The launch is on Dead River Road off hwy 81 about 5 miles north of hwy 20 at Bruce in Walton County. For the past several weekends there are campers there working over the catfish at night with set hooks.​








 Edit Post  Reply With Quote   Blog this Post


----------



## SLICK75 (Sep 4, 2010)

fishwalton said:


> Went to bed last night with intention of getting early start. Woke up, at 4am, thought about it and went back to bed. Well, fishing on the mind made me get up at 5am and hook up the boat and finally left the house about 5:45 for Dead River. The locals call it Seven Runs.
> 
> Dear River is fed by seven small creeks and eventually connects with the Choctawhatchee River. It's actually two connected lakes. The main river has been on the rise the past couple of days and the water color in the lower lake was stained like the Choctawhatchee. Now it's declining so the water should be cleared up in a couple of days.
> 
> ...


Thanks for that info. I have been hearing about that ramp for some time from my nephew (possibly one of those campers you referred to) and been wanting to try it out but hes no good at giving directions so I had no idea where the ramp was and wasnt about to go dragging a boat around in circles trying to find it.
I go back to work later this week, hopefully I will get a chance to get there before.


----------



## FishWalton (Jul 22, 2010)

*Dead River photo*

Slick75: There is a good launch at Dead River but when the water is really low like now you have to be careful about dropping off the end. Go down stream to the first lake. There is a cut to the second lake. At the south end of the second lake is the Choctawhatchee River. Photo is attached if I did it right.


----------



## SLICK75 (Sep 4, 2010)

Looks good, thanks. I will definitely give it a shot, if not before I go back to work, then for sure when I get back.


----------



## FishWalton (Jul 22, 2010)

Went to Dead River 2/24/11 with Joe, my bass fishing friend. Used his Tracker. Fished hard for a few hours, Joe used various worms for bass, none caught. I was using a small white spinner looking for crappie, found none. We messed around and finally caught a jack, a mudfish and two keeper warmouth. Decided to try a crappie hole I found a few weeks ago. Ended us with 21 small to medium cappie and one bream. I ate the jack for supper. 

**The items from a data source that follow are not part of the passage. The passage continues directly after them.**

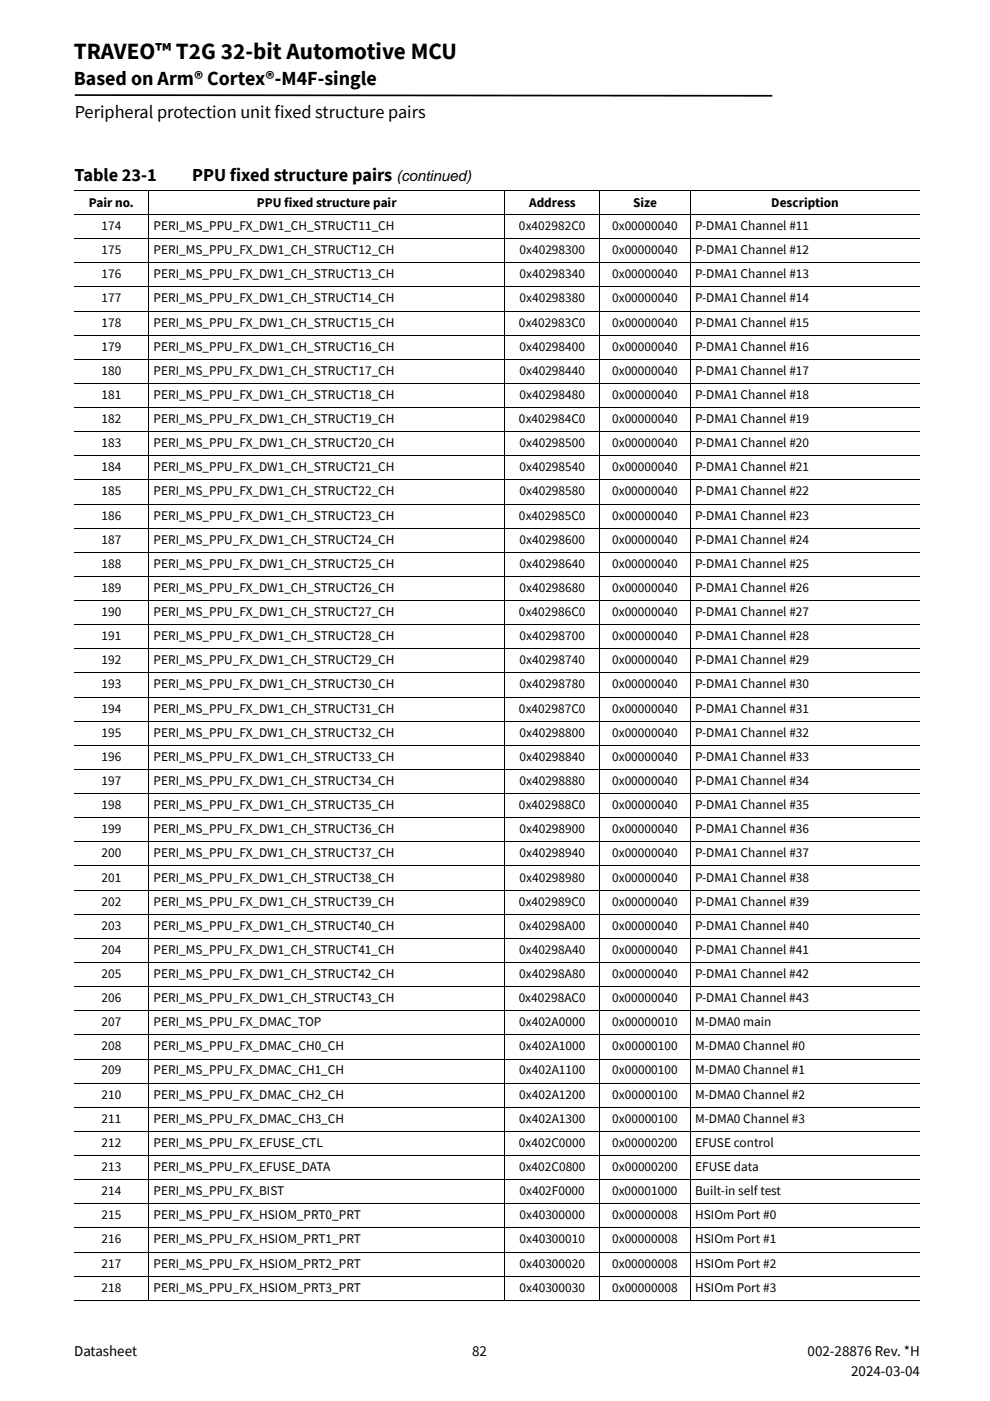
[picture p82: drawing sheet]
<svg xmlns="http://www.w3.org/2000/svg" width="210mm" height="297mm" viewBox="0 0 210 297" stroke-linecap="round" stroke-linejoin="round" font-family="sans-serif">
<defs><g id="words">
<text font-size="4.9" x="15.7" y="12.4">TRAVEO™ T2G 32-bit Automotive MCU</text>
<text font-size="4.2" x="15.7" y="18">Based on Arm® Cortex®-M4F-single</text>
<g font-size="3.9">
<text x="15.9" y="25">Peripheral protection unit fixed structure pairs</text>
<text x="15.8" y="38.4">Table 23-1</text>
<text x="40.8" y="38.4">PPU fixed structure pairs</text>
</g>
<g font-size="3.2">
<text x="84.1" y="38.4">(continued)</text>
<text x="15.7" y="287.5">Datasheet</text>
<text x="100.1" y="287.5">82</text>
<text x="171.2" y="287.5">002-28876 Rev. *H</text>
<text x="180.5" y="291.8">2024-03-04</text>
</g>
<g font-size="2.8">
<text x="18.9" y="43.8">Pair no.</text>
<text x="54.5" y="43.8">PPU fixed structure pair</text>
<text x="112.2" y="43.8">Address</text>
<text x="134.2" y="43.8">Size</text>
<text x="163.5" y="43.8">Description</text>
<text x="21.5" y="48.8">174</text>
<text x="21.5" y="53.9">175</text>
<text x="32.6" y="48.8">PERI_MS_PPU_FX_DW1_CH_STRUCT11_CH</text>
<text x="32.6" y="53.9">PERI_MS_PPU_FX_DW1_CH_STRUCT12_CH</text>
<text x="110" y="48.8">0x402982C0</text>
<text x="110.1" y="53.9">0x40298300</text>
<text x="129.8" y="48.8">0x00000040</text>
<text x="129.8" y="53.9">0x00000040</text>
<text x="147.4" y="48.8">P-DMA1 Channel #11</text>
<text x="147.4" y="53.9">P-DMA1 Channel #12</text>
<text x="21.5" y="59">176</text>
<text x="32.6" y="59">PERI_MS_PPU_FX_DW1_CH_STRUCT13_CH</text>
<text x="110.1" y="59">0x40298340</text>
<text x="129.8" y="59">0x00000040</text>
<text x="147.4" y="59">P-DMA1 Channel #13</text>
<text x="21.5" y="64.1">177</text>
<text x="32.6" y="64.1">PERI_MS_PPU_FX_DW1_CH_STRUCT14_CH</text>
<text x="110.1" y="64.1">0x40298380</text>
<text x="129.8" y="64.1">0x00000040</text>
<text x="147.4" y="64.1">P-DMA1 Channel #14</text>
<text x="21.5" y="69.2">178</text>
<text x="32.6" y="69.2">PERI_MS_PPU_FX_DW1_CH_STRUCT15_CH</text>
<text x="110" y="69.2">0x402983C0</text>
<text x="129.8" y="69.2">0x00000040</text>
<text x="147.4" y="69.2">P-DMA1 Channel #15</text>
<text x="21.5" y="74.4">179</text>
<text x="32.6" y="74.4">PERI_MS_PPU_FX_DW1_CH_STRUCT16_CH</text>
<text x="110.1" y="74.4">0x40298400</text>
<text x="129.8" y="74.4">0x00000040</text>
<text x="147.4" y="74.4">P-DMA1 Channel #16</text>
<text x="21.5" y="79.5">180</text>
<text x="32.6" y="79.5">PERI_MS_PPU_FX_DW1_CH_STRUCT17_CH</text>
<text x="110.1" y="79.5">0x40298440</text>
<text x="129.8" y="79.5">0x00000040</text>
<text x="147.4" y="79.5">P-DMA1 Channel #17</text>
<text x="21.5" y="84.6">181</text>
<text x="21.5" y="89.7">182</text>
<text x="32.6" y="84.6">PERI_MS_PPU_FX_DW1_CH_STRUCT18_CH</text>
<text x="32.6" y="89.7">PERI_MS_PPU_FX_DW1_CH_STRUCT19_CH</text>
<text x="110" y="89.7">0x402984C0</text>
<text x="110.1" y="84.6">0x40298480</text>
<text x="129.8" y="89.7">0x00000040</text>
<text x="129.8" y="84.6">0x00000040</text>
<text x="147.4" y="89.7">P-DMA1 Channel #19</text>
<text x="147.4" y="84.6">P-DMA1 Channel #18</text>
<text x="21.5" y="94.8">183</text>
<text x="32.6" y="94.8">PERI_MS_PPU_FX_DW1_CH_STRUCT20_CH</text>
<text x="110.1" y="94.8">0x40298500</text>
<text x="129.8" y="94.8">0x00000040</text>
<text x="147.4" y="94.8">P-DMA1 Channel #20</text>
<text x="21.5" y="99.9">184</text>
<text x="32.6" y="99.9">PERI_MS_PPU_FX_DW1_CH_STRUCT21_CH</text>
<text x="110.1" y="99.9">0x40298540</text>
<text x="129.8" y="99.9">0x00000040</text>
<text x="147.4" y="99.9">P-DMA1 Channel #21</text>
<text x="21.5" y="105">185</text>
<text x="32.6" y="105">PERI_MS_PPU_FX_DW1_CH_STRUCT22_CH</text>
<text x="110.1" y="105">0x40298580</text>
<text x="129.8" y="105">0x00000040</text>
<text x="147.4" y="105">P-DMA1 Channel #22</text>
<text x="21.5" y="110.2">186</text>
<text x="32.6" y="110.2">PERI_MS_PPU_FX_DW1_CH_STRUCT23_CH</text>
<text x="110" y="110.2">0x402985C0</text>
<text x="129.8" y="110.2">0x00000040</text>
<text x="147.4" y="110.2">P-DMA1 Channel #23</text>
<text x="21.5" y="115.3">187</text>
<text x="32.6" y="115.3">PERI_MS_PPU_FX_DW1_CH_STRUCT24_CH</text>
<text x="110.1" y="115.3">0x40298600</text>
<text x="129.8" y="115.3">0x00000040</text>
<text x="147.4" y="115.3">P-DMA1 Channel #24</text>
<text x="21.5" y="120.4">188</text>
<text x="21.5" y="125.5">189</text>
<text x="32.6" y="120.4">PERI_MS_PPU_FX_DW1_CH_STRUCT25_CH</text>
<text x="32.6" y="125.5">PERI_MS_PPU_FX_DW1_CH_STRUCT26_CH</text>
<text x="110.1" y="120.4">0x40298640</text>
<text x="110.1" y="125.5">0x40298680</text>
<text x="129.8" y="120.4">0x00000040</text>
<text x="129.8" y="125.5">0x00000040</text>
<text x="147.4" y="120.4">P-DMA1 Channel #25</text>
<text x="147.4" y="125.5">P-DMA1 Channel #26</text>
<text x="21.5" y="130.6">190</text>
<text x="32.6" y="130.6">PERI_MS_PPU_FX_DW1_CH_STRUCT27_CH</text>
<text x="110" y="130.6">0x402986C0</text>
<text x="129.8" y="130.6">0x00000040</text>
<text x="147.4" y="130.6">P-DMA1 Channel #27</text>
<text x="21.5" y="135.7">191</text>
<text x="32.6" y="135.7">PERI_MS_PPU_FX_DW1_CH_STRUCT28_CH</text>
<text x="110.1" y="135.7">0x40298700</text>
<text x="129.8" y="135.7">0x00000040</text>
<text x="147.4" y="135.7">P-DMA1 Channel #28</text>
<text x="21.5" y="140.9">192</text>
<text x="32.6" y="140.9">PERI_MS_PPU_FX_DW1_CH_STRUCT29_CH</text>
<text x="110.1" y="140.9">0x40298740</text>
<text x="129.8" y="140.9">0x00000040</text>
<text x="147.4" y="140.9">P-DMA1 Channel #29</text>
<text x="21.5" y="146">193</text>
<text x="32.6" y="146">PERI_MS_PPU_FX_DW1_CH_STRUCT30_CH</text>
<text x="110.1" y="146">0x40298780</text>
<text x="129.8" y="146">0x00000040</text>
<text x="147.4" y="146">P-DMA1 Channel #30</text>
<text x="21.5" y="151.1">194</text>
<text x="32.6" y="151.1">PERI_MS_PPU_FX_DW1_CH_STRUCT31_CH</text>
<text x="110" y="151.1">0x402987C0</text>
<text x="129.8" y="151.1">0x00000040</text>
<text x="147.4" y="151.1">P-DMA1 Channel #31</text>
<text x="21.5" y="156.2">195</text>
<text x="21.5" y="161.3">196</text>
<text x="32.6" y="156.2">PERI_MS_PPU_FX_DW1_CH_STRUCT32_CH</text>
<text x="32.6" y="161.3">PERI_MS_PPU_FX_DW1_CH_STRUCT33_CH</text>
<text x="110.1" y="156.2">0x40298800</text>
<text x="110.1" y="161.3">0x40298840</text>
<text x="129.8" y="156.2">0x00000040</text>
<text x="129.8" y="161.3">0x00000040</text>
<text x="147.4" y="156.2">P-DMA1 Channel #32</text>
<text x="147.4" y="161.3">P-DMA1 Channel #33</text>
<text x="21.5" y="166.4">197</text>
<text x="32.6" y="166.4">PERI_MS_PPU_FX_DW1_CH_STRUCT34_CH</text>
<text x="110.1" y="166.4">0x40298880</text>
<text x="129.8" y="166.4">0x00000040</text>
<text x="147.4" y="166.4">P-DMA1 Channel #34</text>
<text x="21.5" y="171.6">198</text>
<text x="32.6" y="171.6">PERI_MS_PPU_FX_DW1_CH_STRUCT35_CH</text>
<text x="110" y="171.6">0x402988C0</text>
<text x="129.8" y="171.6">0x00000040</text>
<text x="147.4" y="171.6">P-DMA1 Channel #35</text>
<text x="21.5" y="176.7">199</text>
<text x="32.6" y="176.7">PERI_MS_PPU_FX_DW1_CH_STRUCT36_CH</text>
<text x="110.1" y="176.7">0x40298900</text>
<text x="129.8" y="176.7">0x00000040</text>
<text x="147.4" y="176.7">P-DMA1 Channel #36</text>
<text x="21.5" y="181.8">200</text>
<text x="32.6" y="181.8">PERI_MS_PPU_FX_DW1_CH_STRUCT37_CH</text>
<text x="110.1" y="181.8">0x40298940</text>
<text x="129.8" y="181.8">0x00000040</text>
<text x="147.4" y="181.8">P-DMA1 Channel #37</text>
<text x="21.5" y="186.9">201</text>
<text x="32.6" y="186.9">PERI_MS_PPU_FX_DW1_CH_STRUCT38_CH</text>
<text x="110.1" y="186.9">0x40298980</text>
<text x="129.8" y="186.9">0x00000040</text>
<text x="147.4" y="186.9">P-DMA1 Channel #38</text>
<text x="21.5" y="192">202</text>
<text x="21.5" y="197.1">203</text>
<text x="32.6" y="197.1">PERI_MS_PPU_FX_DW1_CH_STRUCT40_CH</text>
<text x="32.6" y="192">PERI_MS_PPU_FX_DW1_CH_STRUCT39_CH</text>
<text x="110" y="192">0x402989C0</text>
<text x="110.1" y="197.1">0x40298A00</text>
<text x="129.8" y="197.1">0x00000040</text>
<text x="129.8" y="192">0x00000040</text>
<text x="147.4" y="197.1">P-DMA1 Channel #40</text>
<text x="147.4" y="192">P-DMA1 Channel #39</text>
<text x="21.5" y="202.2">204</text>
<text x="32.6" y="202.2">PERI_MS_PPU_FX_DW1_CH_STRUCT41_CH</text>
<text x="110.1" y="202.2">0x40298A40</text>
<text x="129.8" y="202.2">0x00000040</text>
<text x="147.4" y="202.2">P-DMA1 Channel #41</text>
<text x="21.5" y="207.3">205</text>
<text x="32.6" y="207.3">PERI_MS_PPU_FX_DW1_CH_STRUCT42_CH</text>
<text x="110.1" y="207.3">0x40298A80</text>
<text x="129.8" y="207.3">0x00000040</text>
<text x="147.4" y="207.3">P-DMA1 Channel #42</text>
<text x="21.5" y="212.5">206</text>
<text x="32.6" y="212.5">PERI_MS_PPU_FX_DW1_CH_STRUCT43_CH</text>
<text x="110" y="212.5">0x40298AC0</text>
<text x="129.8" y="212.5">0x00000040</text>
<text x="147.4" y="212.5">P-DMA1 Channel #43</text>
<text x="21.5" y="217.6">207</text>
<text x="32.6" y="217.6">PERI_MS_PPU_FX_DMAC_TOP</text>
<text x="110.1" y="217.6">0x402A0000</text>
<text x="129.8" y="217.6">0x00000010</text>
<text x="147.4" y="217.6">M-DMA0 main</text>
<text x="21.5" y="222.7">208</text>
<text x="21.5" y="227.8">209</text>
<text x="32.6" y="222.7">PERI_MS_PPU_FX_DMAC_CH0_CH</text>
<text x="32.6" y="227.8">PERI_MS_PPU_FX_DMAC_CH1_CH</text>
<text x="110.1" y="222.7">0x402A1000</text>
<text x="110.1" y="227.8">0x402A1100</text>
<text x="129.8" y="222.7">0x00000100</text>
<text x="129.8" y="227.8">0x00000100</text>
<text x="147.4" y="222.7">M-DMA0 Channel #0</text>
<text x="147.4" y="227.8">M-DMA0 Channel #1</text>
<text x="21.5" y="232.9">210</text>
<text x="32.6" y="232.9">PERI_MS_PPU_FX_DMAC_CH2_CH</text>
<text x="110.1" y="232.9">0x402A1200</text>
<text x="129.8" y="232.9">0x00000100</text>
<text x="147.4" y="232.9">M-DMA0 Channel #2</text>
<text x="21.5" y="238">211</text>
<text x="32.6" y="238">PERI_MS_PPU_FX_DMAC_CH3_CH</text>
<text x="110.1" y="238">0x402A1300</text>
<text x="129.8" y="238">0x00000100</text>
<text x="147.4" y="238">M-DMA0 Channel #3</text>
<text x="21.5" y="243.2">212</text>
<text x="32.6" y="243.2">PERI_MS_PPU_FX_EFUSE_CTL</text>
<text x="110" y="243.2">0x402C0000</text>
<text x="129.8" y="243.2">0x00000200</text>
<text x="147.4" y="243.2">EFUSE control</text>
<text x="21.5" y="248.3">213</text>
<text x="32.6" y="248.3">PERI_MS_PPU_FX_EFUSE_DATA</text>
<text x="110" y="248.3">0x402C0800</text>
<text x="129.8" y="248.3">0x00000200</text>
<text x="147.4" y="248.3">EFUSE data</text>
<text x="21.5" y="253.4">214</text>
<text x="32.6" y="253.4">PERI_MS_PPU_FX_BIST</text>
<text x="110.1" y="253.4">0x402F0000</text>
<text x="129.8" y="253.4">0x00001000</text>
<text x="147.4" y="253.4">Built-in self test</text>
<text x="21.5" y="258.5">215</text>
<text x="21.5" y="263.6">216</text>
<text x="32.6" y="258.5">PERI_MS_PPU_FX_HSIOM_PRT0_PRT</text>
<text x="32.6" y="263.6">PERI_MS_PPU_FX_HSIOM_PRT1_PRT</text>
<text x="110.1" y="258.5">0x40300000</text>
<text x="110.1" y="263.6">0x40300010</text>
<text x="129.8" y="258.5">0x00000008</text>
<text x="129.8" y="263.6">0x00000008</text>
<text x="147.4" y="258.5">HSIOm Port #0</text>
<text x="147.4" y="263.6">HSIOm Port #1</text>
<text x="21.5" y="268.7">217</text>
<text x="32.6" y="268.7">PERI_MS_PPU_FX_HSIOM_PRT2_PRT</text>
<text x="110.1" y="268.7">0x40300020</text>
<text x="129.8" y="268.7">0x00000008</text>
<text x="147.4" y="268.7">HSIOm Port #2</text>
<text x="21.5" y="273.9">218</text>
<text x="32.6" y="273.9">PERI_MS_PPU_FX_HSIOM_PRT3_PRT</text>
<text x="110.1" y="273.9">0x40300030</text>
<text x="129.8" y="273.9">0x00000008</text>
<text x="147.4" y="273.9">HSIOm Port #3</text>
</g>
</g></defs>
<path d="M15.9 20l147.8 .1v.4l-147.8-.2z" fill="#000"/>
<path d="M169.2 5.1h36.3v16h-36.3z" fill="#fff"/>
<g fill="none" stroke="#000" stroke-width=".21">
<path d="M15.8 40.4h179.2M15.8 45.5h179.2M15.8 50.6h179.2M15.8 55.7h179.2M31.5 40.3v235.5M107 45.4v230.4M107.1 40.3v5.3M127.2 40.3v235.5M146.3 40.3v235.5M15.8 60.8h179.2M15.8 66h179.2M15.8 71.1h179.2"/>
<path d="M15.8 76.2h179.2M15.8 81.3h179.2M15.8 86.4h179.2M15.8 91.5h179.2M15.8 96.6h179.2M15.8 101.7h179.2M15.8 106.9h179.2M15.8 112h179.2M15.8 117.1h179.2M15.8 122.2h179.2M15.8 127.3h179.2M15.8 132.4h179.2"/>
<path d="M15.8 137.6h179.2M15.8 142.7h179.2M15.8 147.8h179.2M15.8 152.9h179.2M15.8 158h179.2M15.8 163.1h179.2M15.8 168.3h179.2M15.8 173.4h179.2M15.8 178.5h179.2M15.8 183.6h179.2M15.8 188.7h179.2M15.8 193.8h179.2"/>
<path d="M15.8 198.9h179.2M15.8 204.1h179.2M15.8 209.2h179.2M15.8 214.3h179.2M15.8 219.4h179.2M15.8 224.5h179.2M15.8 229.6h179.2M15.8 234.8h179.2M15.8 239.9h179.2M15.8 245h179.2M15.8 250.1h179.2M15.8 255.2h179.2"/>
<path d="M15.8 260.3h179.2M15.8 265.5h179.2M15.8 270.6h179.2M15.8 275.7h179.2"/>
</g>
<use href="#words"/>
</svg>

Several boats were on the river. They were moving around so not sure how they did. There was one boat with two fly fishermen. 

Where we caught the crappie the bite was at about 6 to 7 feet in 16-18 ft of water. Caught them with jig and minnow or just hook and minnow with bobber. 

There were a bunch of campers at the landing and maybe half dozen boat trailers


----------